When you provision 400 RU/s on a container, you can consume up to 400 RUs in any given second. If your application attempts to use 500 RUs in one second, Cosmos DB returns a 429 status code (rate limited) on the requests that pushed consumption above 400. The Cosmos DB SDKs automatically retry these requests with exponential backoff, but the underlying issue, overconsumption, remains.
Throttling is not always a problem. A small percentage of 429 responses (1 to 5%) is normal and often a sign that you are efficiently using your provisioned capacity. Sustained throttling above 5%, however, indicates that your workload consistently exceeds what you provisioned, leading to increased latency, failed requests, and a poor user experience.
Understanding RU consumption patterns is the first step to reducing throttling. A hot partition, where one logical partition key consumes most of your RU/s, can cause throttling even when your total provisioned throughput is underutilized. Similarly, large queries, high volume writes, or indexing overhead from complex queries can spike RU consumption unexpectedly.
Step 2: Enable Azure Monitor Metrics and Diagnostic Logs
Azure Monitor is the primary tool for tracking Cosmos DB performance. Metrics are collected automatically, but diagnostic logs, which surface the details you need to troubleshoot throttling, require explicit configuration.
Navigate to your Cosmos DB account in the Azure Portal. In the left navigation, under Monitoring, select Diagnostic settings. Click Add diagnostic setting. Name the setting (for example, “CosmosDB-Diagnostics”). Under Logs, select the following categories: DataPlaneRequests, QueryRuntimeStatistics, PartitionKeyStatistics, and ControlPlaneRequests. Under Metrics, enable AllMetrics. Choose a destination: send logs to a Log Analytics workspace, an Azure Storage account, or stream to an Event Hub. For most teams, sending to a Log Analytics workspace is the best option because it enables KQL queries for deep analysis. Click Save.
After enabling diagnostics, logs begin flowing within 5 to 10 minutes. You can verify this by navigating to the Log Analytics workspace and running a simple KQL query:
AzureDiagnostics
| where ResourceProvider == "MICROSOFT.DOCUMENTDB"
| take 10
If results appear, diagnostics are working. If not, wait a few minutes and check again.
Step 3: Monitor Total RU Consumption Using Azure Monitor Metrics
Azure Monitor surfaces several key metrics that show how your Cosmos DB account is using its provisioned throughput. These metrics are available without enabling diagnostics, but they only show aggregate data. They do not tell you which partition, query, or operation caused a spike.
Navigate to your Cosmos DB account in the Azure Portal. Under Monitoring, select Metrics. In the Metrics pane, select your database and container as the scope. Add a metric: Total Request Units. This shows the sum of all RUs consumed across all requests in the selected time window. Add another metric: Normalized RU Consumption. This percentage metric shows how much of your provisioned RU/s you consumed in each second. A value of 100% means you used all provisioned capacity. A value over 100% is not possible because Cosmos DB throttles requests once you hit the limit.

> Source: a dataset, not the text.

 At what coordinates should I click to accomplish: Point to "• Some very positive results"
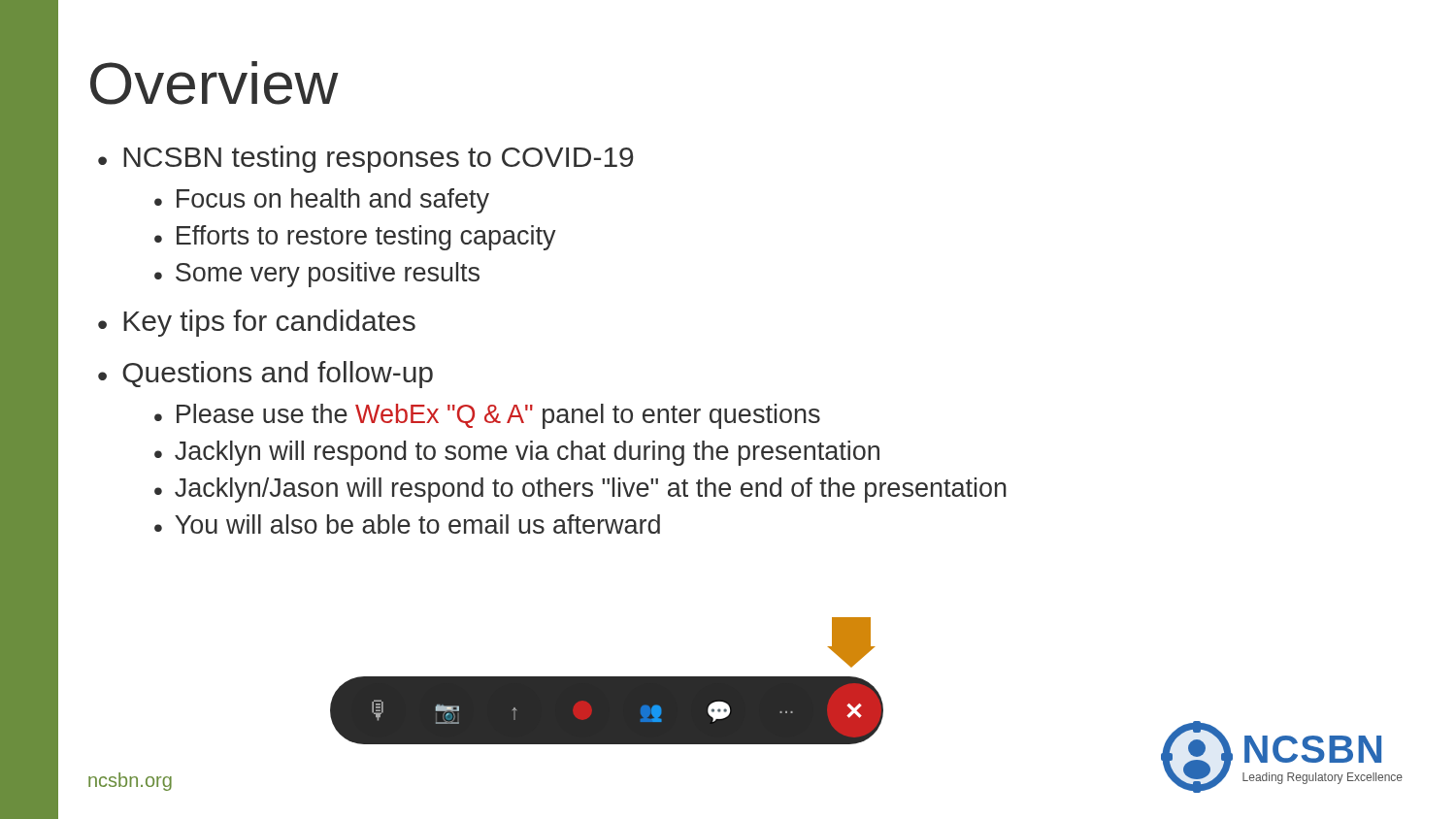coord(317,275)

Set the time range to the last 24 hours and observe the pattern. If Normalized RU Consumption frequently spikes to 100%, you are hitting your provisioned limit. If it stays below 80%, you likely have headroom. If it hovers at 100% for sustained periods, throttling is occurring and you need to investigate further.
Use the Split By dropdown to break down RU consumption by partition key range ID. Each partition key range ID maps to one physical partition. If one partition consistently shows higher Normalized RU Consumption than others, you have a hot partition. This is a partitioning problem, not a provisioning problem, and scaling up RU/s will not fix it.

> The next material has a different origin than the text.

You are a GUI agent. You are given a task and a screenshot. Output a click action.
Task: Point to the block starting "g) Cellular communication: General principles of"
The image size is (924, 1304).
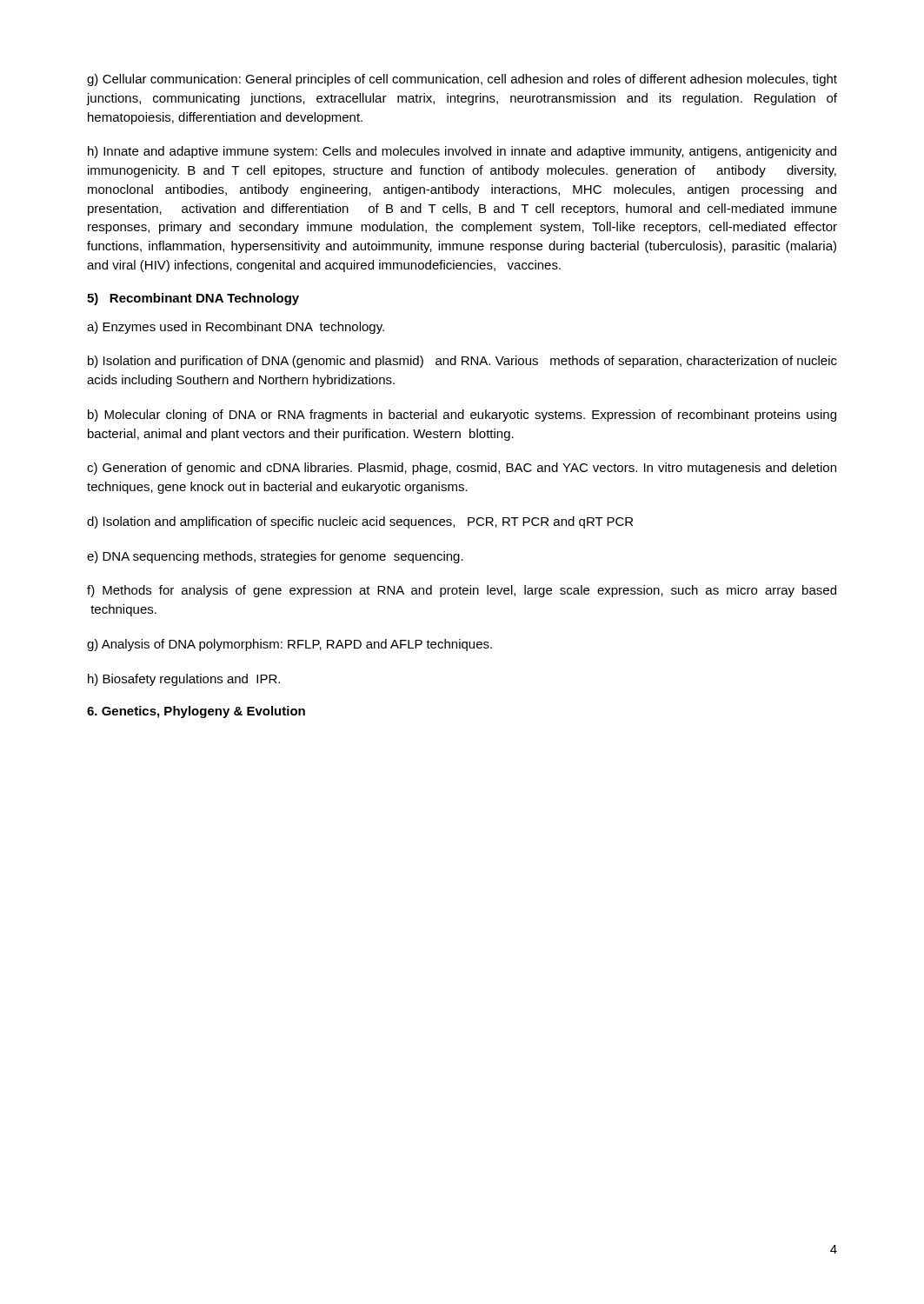tap(462, 98)

Step 4: Identify Throttled Requests in Metrics
Cosmos DB exposes a specific metric for throttling: Total Requests by Status Code. This metric counts how many requests returned each HTTP status code, including 429 (throttled).

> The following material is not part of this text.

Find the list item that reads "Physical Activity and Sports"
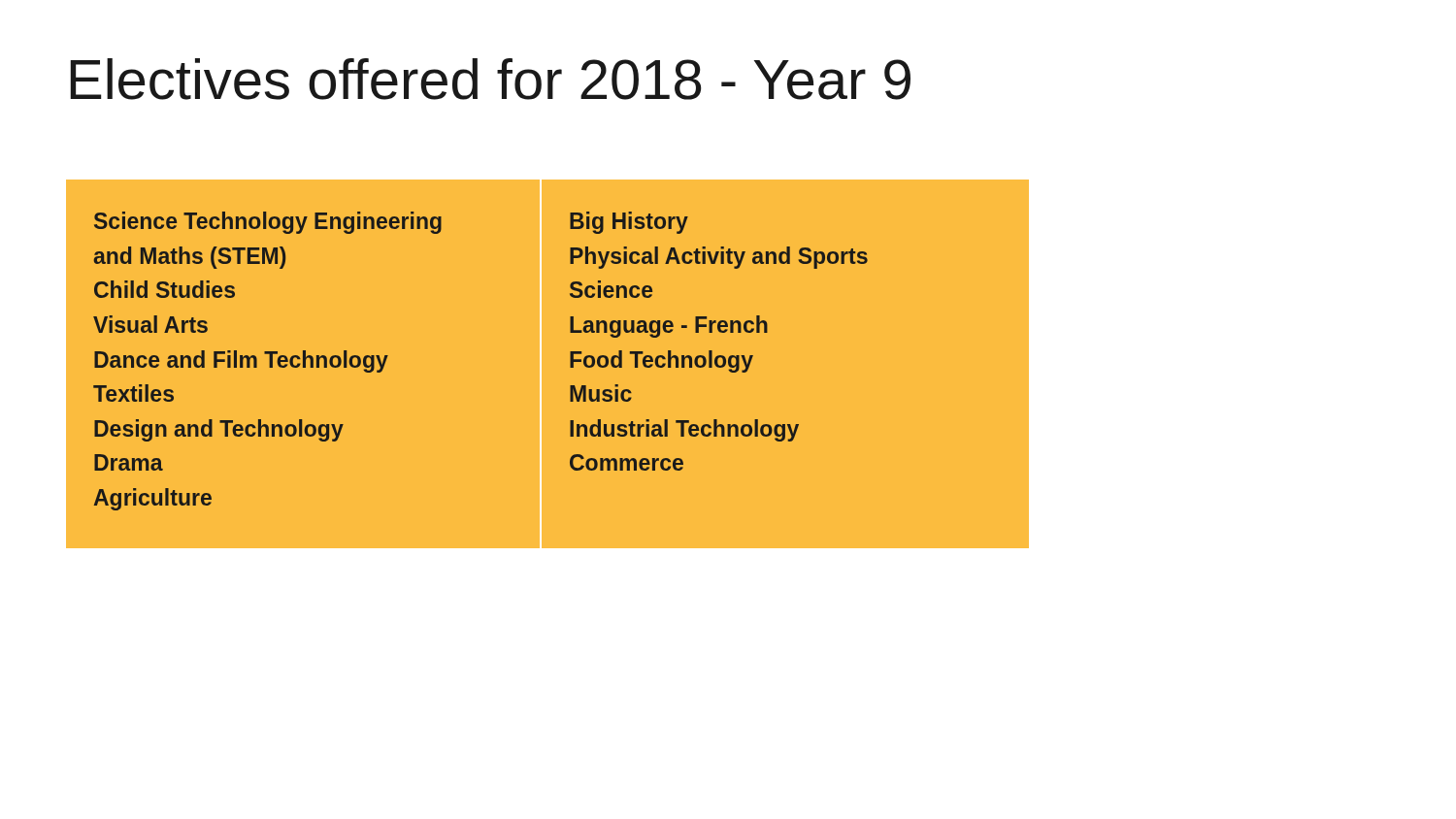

In the Metrics pane, add the metric Total Requests by Status Code. Apply a filter: StatusCode equals 429. This shows the count of throttled requests over time. If you see zero throttled requests, throttling is not occurring. If you see a small number (1 to 5% of total requests), this is normal and expected. If throttled requests represent more than 5% of total traffic, or if you see sustained spikes in 429 responses, you have a problem.
Compare the throttled request count to the Normalized RU Consumption metric. If Normalized RU Consumption is at 100% and you see 429 responses, the workload is legitimately exceeding provisioned capacity. If Normalized RU Consumption is below 80% but you still see 429 responses, the throttling is likely due to a hot partition or a transient spike that Azure Monitor did not fully capture at the per-second resolution.
One important note: the Azure Monitor metrics show 429 responses even if your application never saw them. The Cosmos DB SDKs automatically retry throttled requests up to nine times before surfacing the error to your application. A 429 response in Azure Monitor does not necessarily mean your users experienced an error, but it does mean the underlying workload is consuming more RUs than provisioned.
Step 5: Use Diagnostic Logs to Find Hot Partitions and High RU Operations
Metrics show aggregate patterns, but diagnostic logs surface the specific operations, partition keys, and queries consuming the most RUs. This is where you find the root cause.
Navigate to your Log Analytics workspace. Under General, select Logs. Run the following KQL query to find the top 10 partition keys by total RU consumption:
AzureDiagnostics
| where ResourceProvider == "MICROSOFT.DOCUMENTDB"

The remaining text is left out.